(Beginning of RECORDS SUPPLIED)

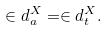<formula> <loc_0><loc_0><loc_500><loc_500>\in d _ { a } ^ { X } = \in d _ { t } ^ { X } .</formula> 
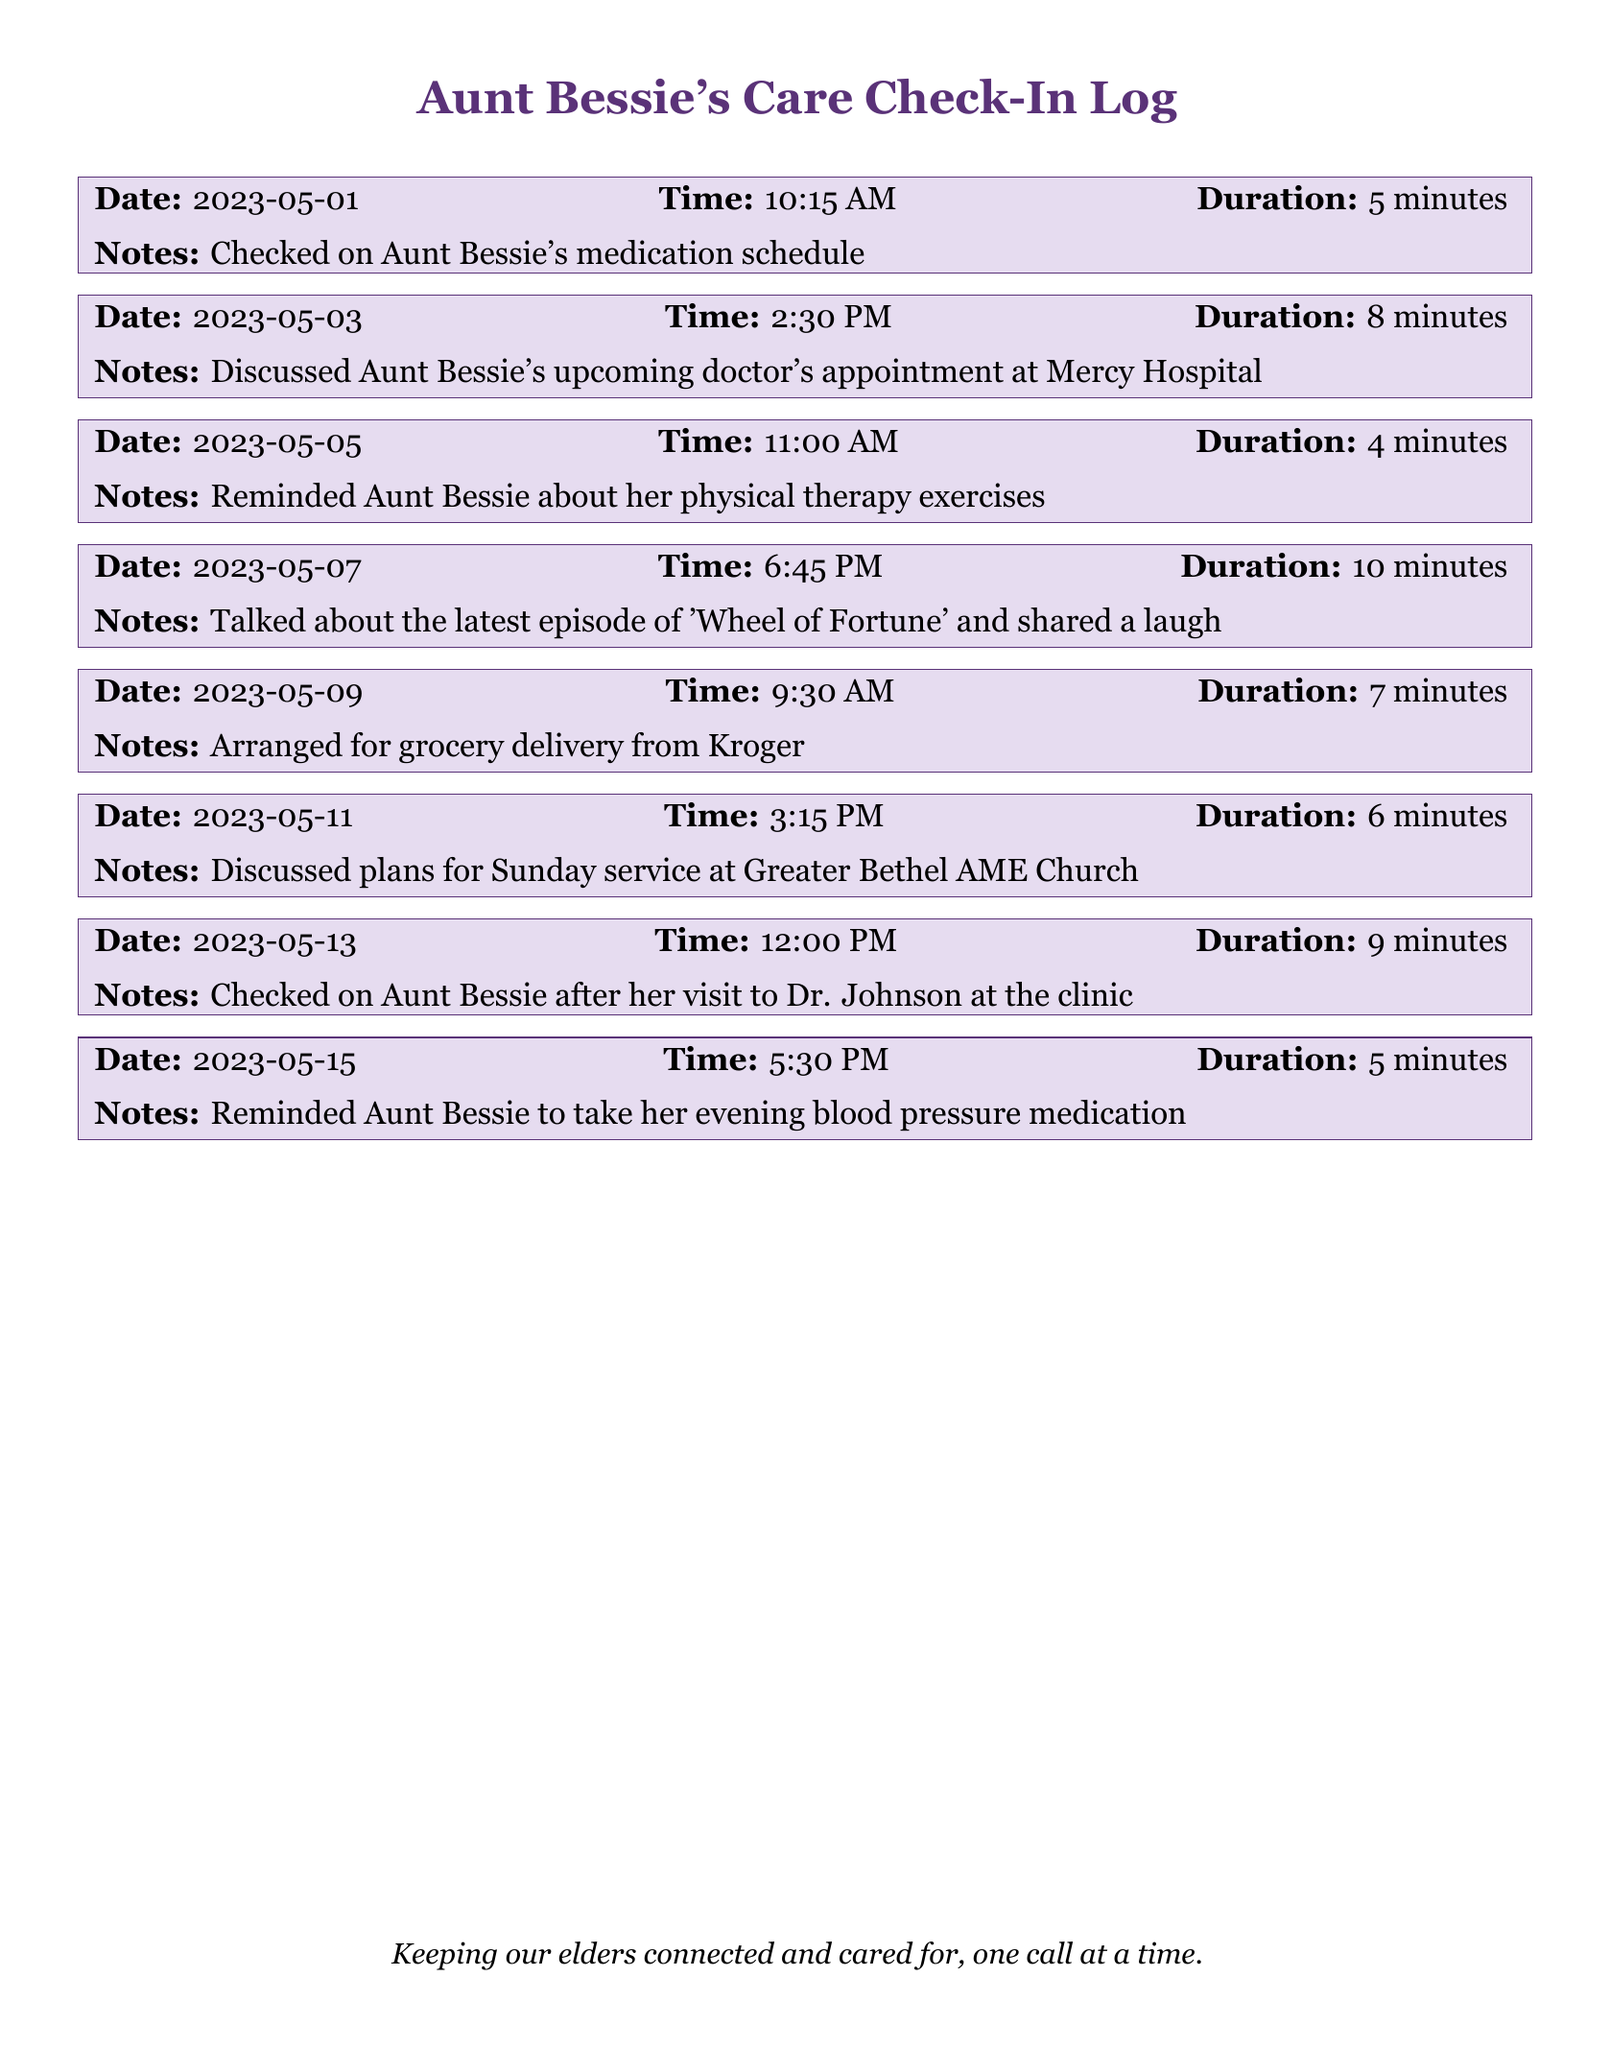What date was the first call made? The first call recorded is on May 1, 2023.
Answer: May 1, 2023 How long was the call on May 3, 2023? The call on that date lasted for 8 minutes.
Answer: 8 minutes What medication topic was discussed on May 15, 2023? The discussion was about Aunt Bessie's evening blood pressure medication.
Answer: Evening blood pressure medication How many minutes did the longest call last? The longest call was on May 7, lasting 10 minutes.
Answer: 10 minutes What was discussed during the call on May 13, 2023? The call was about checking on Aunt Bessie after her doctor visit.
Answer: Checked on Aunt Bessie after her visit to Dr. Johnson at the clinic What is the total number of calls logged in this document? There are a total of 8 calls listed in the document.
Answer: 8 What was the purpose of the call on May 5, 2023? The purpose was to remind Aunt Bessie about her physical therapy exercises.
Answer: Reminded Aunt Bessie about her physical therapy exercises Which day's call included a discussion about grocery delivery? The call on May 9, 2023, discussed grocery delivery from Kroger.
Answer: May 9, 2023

(End of RECORDS SUPPLIED)

**TASK PROMPT:** With the pictures left out, transcribe the material exactly.

**EXPECTED ANSWER:**
<formula> <loc_0><loc_0><loc_500><loc_500>\in d _ { a } ^ { X } = \in d _ { t } ^ { X } .</formula> 
What date was the first call made? The first call recorded is on May 1, 2023.
Answer: May 1, 2023 How long was the call on May 3, 2023? The call on that date lasted for 8 minutes.
Answer: 8 minutes What medication topic was discussed on May 15, 2023? The discussion was about Aunt Bessie's evening blood pressure medication.
Answer: Evening blood pressure medication How many minutes did the longest call last? The longest call was on May 7, lasting 10 minutes.
Answer: 10 minutes What was discussed during the call on May 13, 2023? The call was about checking on Aunt Bessie after her doctor visit.
Answer: Checked on Aunt Bessie after her visit to Dr. Johnson at the clinic What is the total number of calls logged in this document? There are a total of 8 calls listed in the document.
Answer: 8 What was the purpose of the call on May 5, 2023? The purpose was to remind Aunt Bessie about her physical therapy exercises.
Answer: Reminded Aunt Bessie about her physical therapy exercises Which day's call included a discussion about grocery delivery? The call on May 9, 2023, discussed grocery delivery from Kroger.
Answer: May 9, 2023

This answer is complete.